In the case of physical burglary, the burglar must have tools to break into a building--lock picks, "jimmies," wire cutters and the like. Cyberburglars likewise need tools. Article 362 addresses this reality, stating, "Creating computer programs specifically for the perpetration, by himself or by others, of a crime set forth in this chapter shall be punished by up to five years in prison, jail, or fines of up to NT$200,000, or both, if this act has resulted in damage to the public interest or the private interest of individuals." Prosecutions in Taiwan fall into two categories: those which require a plaintiff and those which do not. A plaintiff is someone willing to press charges and cooperate with the prosecutor's investigation. Whether prosecution of an alleged offense requires a plaintiff or not is specified in the criminal code on a crime-by-crime basis. In the case of Chapter 36, Article 363 states, "The provisions of Articles 358 to 360 shall apply only after a prosecution is instituted upon complaint." If a plaintiff is required but no one is willing to "step forward" and file charges, then the prosecutor cannot take action. This differs from cases of violation of criminal laws in the United States, where the wishes of the victim are irrelevant and suspects may be prosecuted based exclusively on the prosecutor's decision.

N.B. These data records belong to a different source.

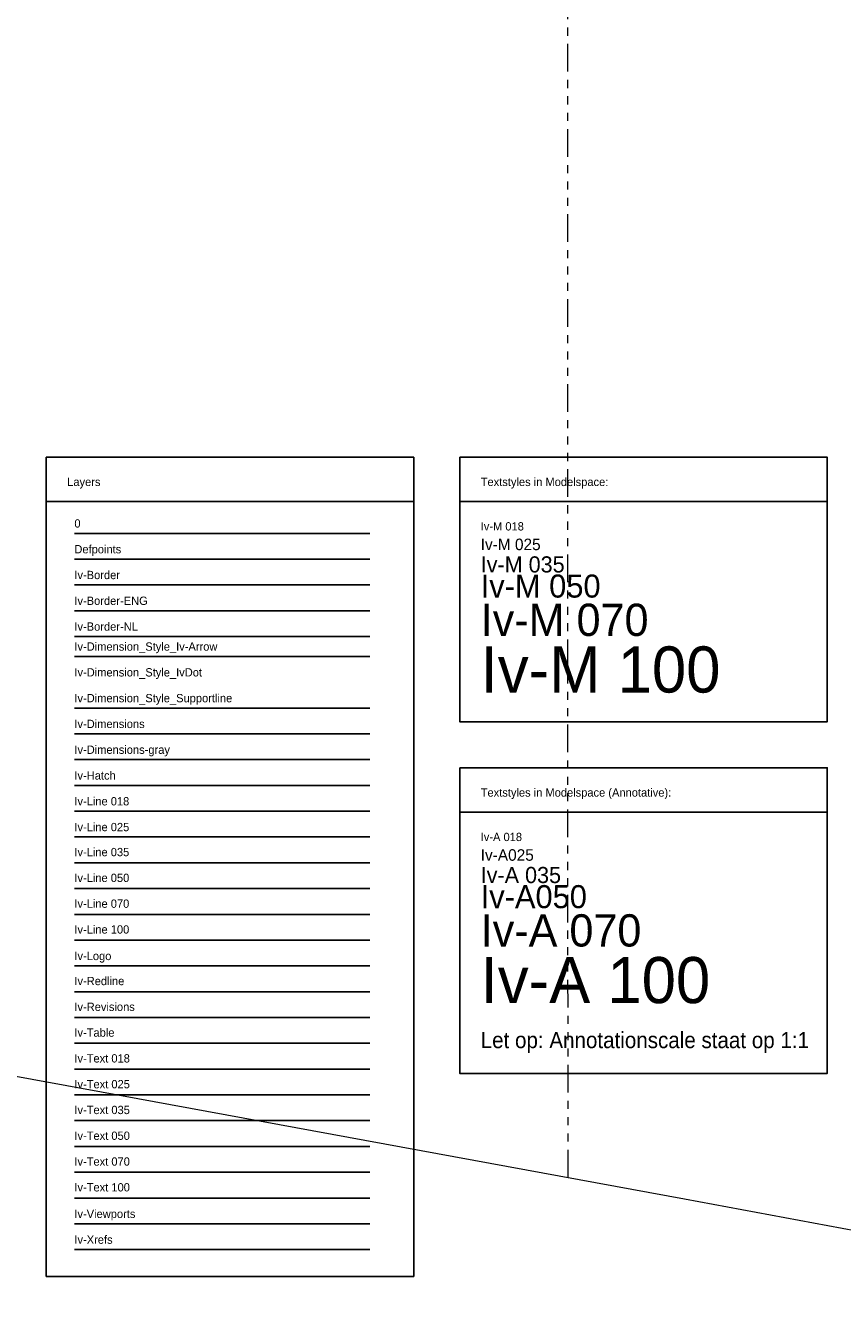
# Model space of a CAD drawing. Header units: metres. Extents: x -270273 to 328371, y -146885 to 591473.
# Tile 53 of 256: x -41282 to -41105, y -18227 to -17947. Entities that reach past the tile are written whole.
import ezdxf
from ezdxf.enums import TextEntityAlignment as Align

# ---------------------------------------------------------------- set-up
doc = ezdxf.new("R2010")
doc.units = ezdxf.units.M
doc.linetypes.add('RI-AWZI_PROCESLEIDING', pattern=[18.45, 6, -1.8, 1.75, -1.8, 1.75, -1.8, 1.75, -1.8])
doc.layers.get('0').update_dxf_attribs({"color": 151})
doc.layers.get('Defpoints').update_dxf_attribs({"color": 171})
doc.layers.add('B-CO-BC-BETONVORM-G', color=50, linetype='Continuous', lineweight=18)
doc.layers.add('B-XX-RI-AWZI_PROCESLEIDING-G', color=30, linetype='RI-AWZI_PROCESLEIDING', lineweight=18)
for name, color, linetype in [('B-XX-OG-BEBOUWING-G', 1, 'Continuous'), ('Iv-Border', 7, 'Continuous'), ('Iv-Border-Eng', 7, 'Continuous'), ('Iv-Border-NL', 7, 'Continuous'), ('Iv-Dimension_Style_IvArrow', 1, 'Continuous'), ('Iv-Dimensions', 1, 'Continuous'), ('Iv-Dimensions-Gray', 253, 'Continuous'), ('Iv-Hatch', 253, 'Continuous'), ('Iv-Lines 018', 1, 'Continuous'), ('Iv-Lines 025', 3, 'Continuous'), ('Iv-Lines 035', 4, 'Continuous'), ('Iv-Lines 050', 2, 'Continuous'), ('Iv-Lines 070', 6, 'Continuous'), ('Iv-Lines 100', 7, 'Continuous'), ('Iv-Logo', 7, 'Continuous'), ('Iv-Redline', 10, 'Continuous'), ('Iv-Revisions', 253, 'Continuous'), ('Iv-Table', 1, 'Continuous'), ('Iv-Text 018', 1, 'Continuous'), ('Iv-Text 025', 3, 'Continuous'), ('Iv-Text 035', 4, 'Continuous'), ('Iv-Text 050', 2, 'Continuous'), ('Iv-Text 070', 6, 'Continuous'), ('Iv-Text 100', 7, 'Continuous'), ('Iv-Xrefs', 7, 'Continuous')]:
    doc.layers.add(name, color=color, linetype=linetype)
doc.layers.add('Iv-Dimension_Style_Supportline', color=171, linetype='Continuous', plot=False)
doc.layers.add('Iv-Viewports', color=40, linetype='Continuous', plot=False)
doc.styles.add('Iv-A 018', font='iv-font.shx', dxfattribs={"height": 1.8})
doc.styles.add('Iv-A 025', font='iv-font.shx', dxfattribs={"height": 2.5})
doc.styles.add('Iv-A 035', font='iv-font.shx', dxfattribs={"height": 3.5})
doc.styles.add('Iv-A 050', font='iv-font.shx', dxfattribs={"height": 5})
doc.styles.add('Iv-A 070', font='iv-font.shx', dxfattribs={"height": 7})
doc.styles.add('Iv-A 100', font='iv-font.shx', dxfattribs={"height": 10})
doc.styles.add('Iv-M 018', font='iv-font.shx', dxfattribs={"height": 1.8})
doc.styles.add('Iv-M 025', font='iv-font.shx', dxfattribs={"height": 2.5})
doc.styles.add('Iv-M 035', font='iv-font.shx', dxfattribs={"height": 3.5})
doc.styles.add('Iv-M 050', font='iv-font.shx', dxfattribs={"height": 5})
doc.styles.add('Iv-M 070', font='iv-font.shx', dxfattribs={"height": 7})
doc.styles.add('Iv-M 100', font='iv-font.shx', dxfattribs={"height": 10})

# ---------------------------------------------------------------- blocks, each defined once
blk = doc.blocks.new('Iv-Voorbeeldblok')
for p, q in [((179.45427, -9.63722), (259.18141, -9.63722)), ((269.18141, -9.63722), (348.90855, -9.63722)), ((185.55432, -16.51487), (249.6943, -16.51487)), ((269.18141, -76.99602), (348.90855, -76.99602))]:
    blk.add_line(p, q)
for points in [[(179.45427, 0), (259.18141, 0), (259.18141, -177.66975), (179.45427, -177.66975)], [(269.18141, 0), (348.90855, 0), (348.90855, -57.35879), (269.18141, -57.35879)], [(269.18141, -67.35879), (348.90855, -67.35879), (348.90855, -133.62847), (269.18141, -133.62847)]]:
    blk.add_lwpolyline(points, close=True)
at = {"layer": 'Defpoints'}
blk.add_line((185.55432, -22.10724), (249.6943, -22.10724), dxfattribs=at)
at = {"layer": 'Iv-Border'}
blk.add_line((185.55432, -27.69961), (249.6943, -27.69961), dxfattribs=at)
at = {"layer": 'Iv-Border-Eng'}
blk.add_line((185.55432, -33.29198), (249.6943, -33.29198), dxfattribs=at)
at = {"layer": 'Iv-Border-NL'}
blk.add_line((185.55432, -38.88435), (249.6943, -38.88435), dxfattribs=at)
at = {"layer": 'Iv-Dimension_Style_IvArrow'}
blk.add_line((185.55432, -43.21932), (249.6943, -43.21932), dxfattribs=at)
at = {"layer": 'Iv-Dimension_Style_Supportline'}
blk.add_line((185.55432, -54.40406), (249.6943, -54.40406), dxfattribs=at)
at = {"layer": 'Iv-Dimensions'}
blk.add_line((185.55432, -59.99642), (249.6943, -59.99642), dxfattribs=at)
at = {"layer": 'Iv-Dimensions-Gray'}
blk.add_line((185.55432, -65.58879), (249.6943, -65.58879), dxfattribs=at)
at = {"layer": 'Iv-Hatch'}
blk.add_line((185.55432, -71.18116), (249.6943, -71.18116), dxfattribs=at)
at = {"layer": 'Iv-Lines 018'}
blk.add_line((185.55432, -76.77353), (249.6943, -76.77353), dxfattribs=at)
at = {"layer": 'Iv-Lines 025'}
blk.add_line((185.55432, -82.3659), (249.6943, -82.3659), dxfattribs=at)
at = {"layer": 'Iv-Lines 035'}
blk.add_line((185.55432, -87.95827), (249.6943, -87.95827), dxfattribs=at)
at = {"layer": 'Iv-Lines 050'}
blk.add_line((185.55432, -93.55064), (249.6943, -93.55064), dxfattribs=at)
at = {"layer": 'Iv-Lines 070'}
blk.add_line((185.55432, -99.14301), (249.6943, -99.14301), dxfattribs=at)
at = {"layer": 'Iv-Lines 100'}
blk.add_line((185.55432, -104.73538), (249.6943, -104.73538), dxfattribs=at)
at = {"layer": 'Iv-Logo'}
blk.add_line((185.55432, -110.32775), (249.6943, -110.32775), dxfattribs=at)
at = {"layer": 'Iv-Redline'}
blk.add_line((185.55432, -115.92012), (249.6943, -115.92012), dxfattribs=at)
at = {"layer": 'Iv-Revisions'}
blk.add_line((185.55432, -121.51249), (249.6943, -121.51249), dxfattribs=at)
at = {"layer": 'Iv-Table'}
blk.add_line((185.55432, -127.10486), (249.6943, -127.10486), dxfattribs=at)
at = {"layer": 'Iv-Text 018'}
blk.add_line((185.55432, -132.69723), (249.6943, -132.69723), dxfattribs=at)
at = {"layer": 'Iv-Text 025'}
blk.add_line((185.55432, -138.2896), (249.6943, -138.2896), dxfattribs=at)
at = {"layer": 'Iv-Text 035'}
blk.add_line((185.55432, -143.88197), (249.6943, -143.88197), dxfattribs=at)
at = {"layer": 'Iv-Text 050'}
blk.add_line((185.55432, -149.47434), (249.6943, -149.47434), dxfattribs=at)
at = {"layer": 'Iv-Text 070'}
blk.add_line((185.55432, -155.06671), (249.6943, -155.06671), dxfattribs=at)
at = {"layer": 'Iv-Text 100'}
blk.add_line((185.55432, -160.65908), (249.6943, -160.65908), dxfattribs=at)
at = {"layer": 'Iv-Viewports'}
blk.add_line((185.55432, -166.25145), (249.6943, -166.25145), dxfattribs=at)
at = {"layer": 'Iv-Xrefs'}
blk.add_line((185.55432, -171.84382), (249.6943, -171.84382), dxfattribs=at)
at = {"layer": 'Iv-Text 018'}
for s, style, p in [('Layers', 'Iv-M 018', (183.99142, -6.25563)), ('Textstyles in Modelspace:', 'Iv-M 018', (273.71855, -6.25563)), ('0', 'Iv-M 018', (185.55432, -15.25747)), ('Iv-M 018', 'Iv-M 018', (273.71855, -15.89285)), ('Defpoints', 'Iv-M 018', (185.55432, -20.84984)), ('Iv-Border', 'Iv-M 018', (185.55432, -26.44221)), ('Iv-Border-ENG', 'Iv-M 018', (185.55432, -32.03458)), ('Iv-Border-NL', 'Iv-M 018', (185.55432, -37.62695)), ('Iv-Dimension_Style_Iv-Arrow', 'Iv-M 018', (185.55432, -41.96191)), ('Iv-Dimension_Style_IvDot', 'Iv-M 018', (185.55432, -47.55428)), ('Iv-Dimension_Style_Supportline', 'Iv-M 018', (185.55432, -53.14665)), ('Iv-Dimensions', 'Iv-M 018', (185.55432, -58.73902)), ('Iv-Dimensions-gray', 'Iv-M 018', (185.55432, -64.33139)), ('Iv-Hatch', 'Iv-M 018', (185.55432, -69.92376)), ('Textstyles in Modelspace (Annotative):', 'Iv-M 018', (273.71855, -73.61442)), ('Iv-Line 018', 'Iv-M 018', (185.55432, -75.51613)), ('Iv-Line 025', 'Iv-M 018', (185.55432, -81.1085)), ('Iv-A 018', 'Iv-A 018', (273.71855, -83.25165)), ('Iv-Line 035', 'Iv-M 018', (185.55432, -86.53633)), ('Iv-Line 050', 'Iv-M 018', (185.55432, -92.1287)), ('Iv-Line 070', 'Iv-M 018', (185.55432, -97.72107)), ('Iv-Line 100', 'Iv-M 018', (185.55432, -103.31344)), ('Iv-Logo', 'Iv-M 018', (185.55432, -109.07035)), ('Iv-Redline', 'Iv-M 018', (185.55432, -114.49818)), ('Iv-Revisions', 'Iv-M 018', (185.55432, -120.09055)), ('Iv-Table', 'Iv-M 018', (185.55432, -125.68292)), ('Iv-Text 018', 'Iv-M 018', (185.55432, -131.27529)), ('Iv-Text 025', 'Iv-M 018', (185.55432, -136.86766)), ('Iv-Text 035', 'Iv-M 018', (185.55432, -142.46003)), ('Iv-Text 050', 'Iv-M 018', (185.55432, -148.0524)), ('Iv-Text 070', 'Iv-M 018', (185.55432, -153.64477)), ('Iv-Text 100', 'Iv-M 018', (185.55432, -159.23714)), ('Iv-Viewports', 'Iv-M 018', (185.55432, -164.99404)), ('Iv-Xrefs', 'Iv-M 018', (185.55432, -170.58641))]:
    blk.add_text(s, height=1.8, dxfattribs=dict(at, style=style)).set_placement(p)
at = {"layer": 'Iv-Text 025'}
for s, style, p in [('Iv-M 025', 'Iv-M 025', (273.71855, -20.15874)), ('Iv-A025', 'Iv-A 025', (273.71855, -87.51754))]:
    blk.add_text(s, height=2.5, dxfattribs=dict(at, style=style)).set_placement(p)
at = {"layer": 'Iv-Text 035'}
for s, style, p in [('Iv-M 035', 'Iv-M 035', (273.71855, -24.99992)), ('Iv-A 035', 'Iv-A 035', (273.71855, -92.35872))]:
    blk.add_text(s, height=3.5, dxfattribs=dict(at, style=style)).set_placement(p)
at = {"layer": 'Iv-Text 035', "style": 'Iv-M 035', "width": 0.705266}
blk.add_text('Let op: Annotationscale staat op 1:1', height=3.5, dxfattribs=at).set_placement((273.71855, -128.16151), (344.95038, -128.16151), align=Align.FIT)
at = {"layer": 'Iv-Text 050'}
for s, style, p in [('Iv-M 050', 'Iv-M 050', (273.71855, -30.44625)), ('Iv-A050', 'Iv-A 050', (273.71855, -97.80504))]:
    blk.add_text(s, height=5, dxfattribs=dict(at, style=style)).set_placement(p)
at = {"layer": 'Iv-Text 070'}
for s, style, p in [('Iv-M 070', 'Iv-M 070', (273.71855, -38.76703)), ('Iv-A 070', 'Iv-A 070', (273.71855, -106.12582))]:
    blk.add_text(s, height=7, dxfattribs=dict(at, style=style)).set_placement(p)
at = {"layer": 'Iv-Text 100'}
for s, style, p in [('Iv-M 100', 'Iv-M 100', (273.71855, -51.04049)), ('Iv-A 100', 'Iv-A 100', (273.71855, -118.39928))]:
    blk.add_text(s, height=10, dxfattribs=dict(at, style=style)).set_placement(p)

msp = doc.modelspace()

# ---------------------------------------------------------------- linework, layer by layer
at = {"layer": 'B-CO-BC-BETONVORM-G'}
for points in [[(-40647.0625, -18791.2693), (-40970.3399, -18233.0927, 0.04516992), (-51872.7386, -17193.5374, 0.04644667)], [(-40708.6616, -18854.5113), (-41024.3357, -18309.4627, 0.04500024), (-51871.0592, -17278.5464, 0.04628559)]]:
    msp.add_lwpolyline(points, format="xyb", dxfattribs=at)
at = {"layer": 'B-XX-OG-BEBOUWING-G'}
msp.add_lwpolyline([(-63042.2222, -48045.4311, 14.44687832), (-66283.6615, -44822.7304), (-68754.7089, -47264.0769), (-65514.4611, -50485.8825)], format="xyb", close=True, dxfattribs=at)
at = {"layer": 'B-XX-RI-AWZI_PROCESLEIDING-G'}
msp.add_lwpolyline([(-38276.8459, -23751.6653), (-40879.0167, -19258.7271, -0.00000041), (-40879.0177, -19258.7254), (-41246.4963, -18624.2302, 0.04429748), (-51864.1438, -17628.5845)], format="xyb", dxfattribs=at)
msp.add_lwpolyline([(-41164.4107, -17674.4174), (-41164.2481, -18197.0618)], dxfattribs=at)

# ---------------------------------------------------------------- block references
msp.add_blockref('Iv-Voorbeeldblok', (-41456.8465, -18040.7882))

doc.saveas('drawing.dxf')

There is a definite logic to Article 363, however. As the official commentary points out, "If the victim has no intention to make a complaint and does not cooperate in the investigation, the investigation cannot be expected to proceed effectively. Therefore, the system of 'prosecution upon complaint' is adopted to resolve these kinds of disputes and reduce the sources of lawsuits. In addition, adopting this approach will enable the nation to concentrate its limited investigation and judicial resources on serious computer offenses." The mention of "limited resources" in the commentary serves as a reminder that although the passage of the new legislation is an important, positive step, in order for it to have much meaning, prosecutors and police must be supported with resources sufficient to enable them to fight cybercrime. As the official commentary correctly remarks, "Criminal laws are not all-powerful." Enforcement needs to be made a priority, and it is indeed being made a priority in Taiwan, much to its credit.